An international research team led by scholars from the University of Bologna has identified a key gene in the repairing of damage to the heart after a heart attack. The study – published in the journal Nature Cardiovascular Research – shows that the heart muscle’s inability to regenerate after a heart attack is allegedly due, at least in part, to a class of steroid hormones, glucocorticoids, pushing heart muscle cells to mature after birth, while blocking their proliferation.
“Our results show that glucocorticoids act as an important brake on cardiac regenerative capacity: their inhibition showed promising results in the repair of damaged cardiac tissue,” explains Gabriele D’Uva, professor at the Department of Experimental, Diagnostic and Specialty Medicine at the University of Bologna, who coordinated the study. “This is a particularly relevant discovery, which in the future could lead to effective treatments to improve the heart condition of heart attack patients.”
Heart disease is one of the leading causes of death worldwide. This is partly because heart tissue, unlike other body tissues, is unable to regenerate. During a myocardial infarction, heart muscle cells die and are replaced by scar tissue that can no longer contract. If the damage is extensive, it may develop into heart failure, a condition whereby the heart cannot pump enough blood to meet the body’s needs. This condition can then lead to various debilitating outcomes, including sudden cardiac death.
The lack of regeneration capacity of cardiac tissue is a constant feature from birth onwards, as a result of the rapid and important changes undergone by the newborn’s respiratory and vascular system to allow the transition from intrauterine to extrauterine life. Specifically, in the neonatal heart, cardiac muscle cells become further specialized: they lose the ability to replicate and continue to grow in size.
“In contrast to most tissues in our body, which renew themselves throughout life, the renewal of cardiac tissue in adulthood is extremely low, almost non-existent,” confirms professor D’Uva. “This is a consequence of both the very low rate of proliferation of cardiac muscle cells and the absence of a significant population of “stem cells” in this tissue: severe damage to the heart, induced for example by myocardial infarction, is therefore permanent.”

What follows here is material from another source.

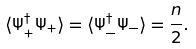<formula> <loc_0><loc_0><loc_500><loc_500>\langle \Psi ^ { \dagger } _ { + } \Psi _ { + } \rangle = \langle \Psi ^ { \dagger } _ { - } \Psi _ { - } \rangle = \frac { n } { 2 } .</formula> 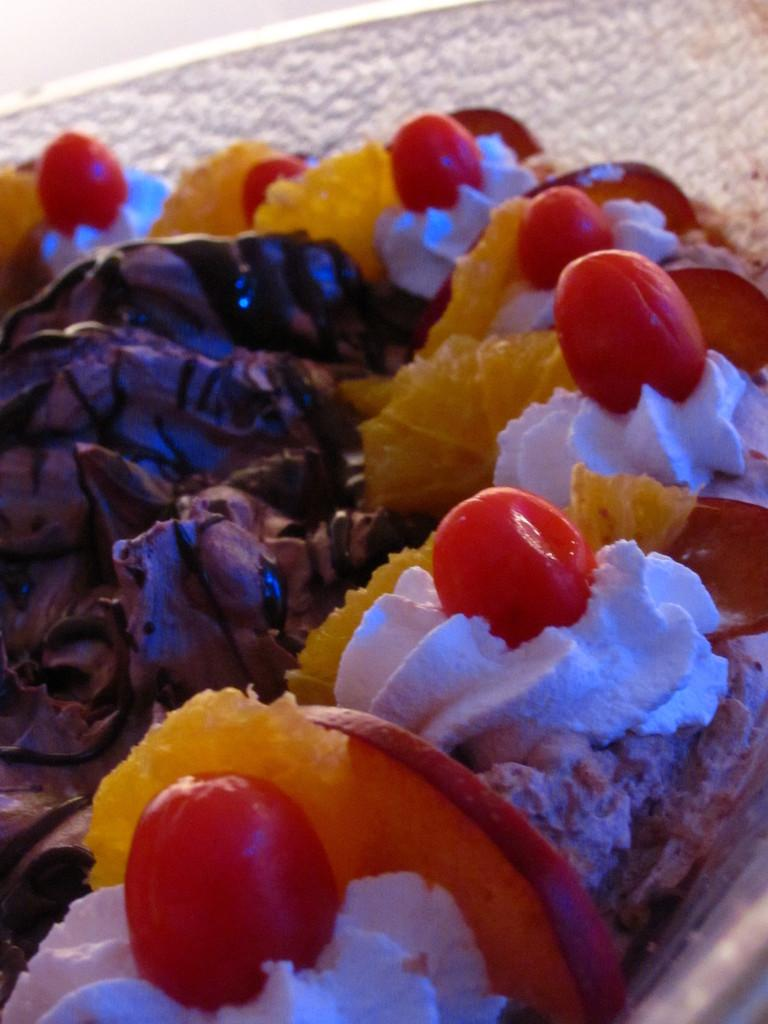What object is present in the image that can hold food? There is a platter in the image that can hold food. What type of food is on the platter? The platter contains a food item that appears to be a cake. Can you describe the cake on the platter? Unfortunately, the image does not provide enough detail to describe the cake. What type of lace can be seen on the cake in the image? There is no lace visible on the cake in the image. Can you tell me how many parents are present in the image? There are no people, including parents, present in the image.

In order to find a way to reverse this regenerative inability of the heart, scientists focused on glucocorticoids: a class of hormones that play an important role in the development, metabolism and maintenance of homeostasis and in the management of stressful situations.
In preparation for birth, glucocorticoids are known to induce lung maturation. Researchers, however, realised that exposing neonatal heart muscle cells to these hormones induced the cells to lose their proliferative capacity. Consequently, they analysed cardiac tissue during the first week of postnatal life and found an increase in the amount of the glucocorticoid receptor (GR). This suggests that glucocorticoid activity increases in the immediate postnatal period.
This led to the hypothesis that glucocorticoids may be responsible for the maturation of cardiac muscle cells, to the detriment of their replicative and regenerative capacity: This idea has now been demonstrated in the animal model using sophisticated molecular biology techniques.
Deletion of the GR receptor resulted in reduced differentiation of cardiac muscle cells, i.e. their remaining in an immature state, which led to an increase in their division into new cardiac cells. Researchers also explained the molecular mechanism responsible for the replicative blockade by glucocorticoids due to a modulation of cellular energy metabolism.
“Deletion of the glucocorticoid receptor has been shown to increase the ability of heart muscle cells to replicate following myocardial infarction, promoting a process of heart regeneration within a few weeks,” confirms professor D’Uva. “Similar results have also been obtained through the administration of a GR receptor inhibitor drug already approved for clinical use in humans.”
The research team now aims to test potential synergistic effects with other pro-regenerative stimuli in order to come up with more effective strategies for heart regeneration – a result that could help millions of patients worldwide.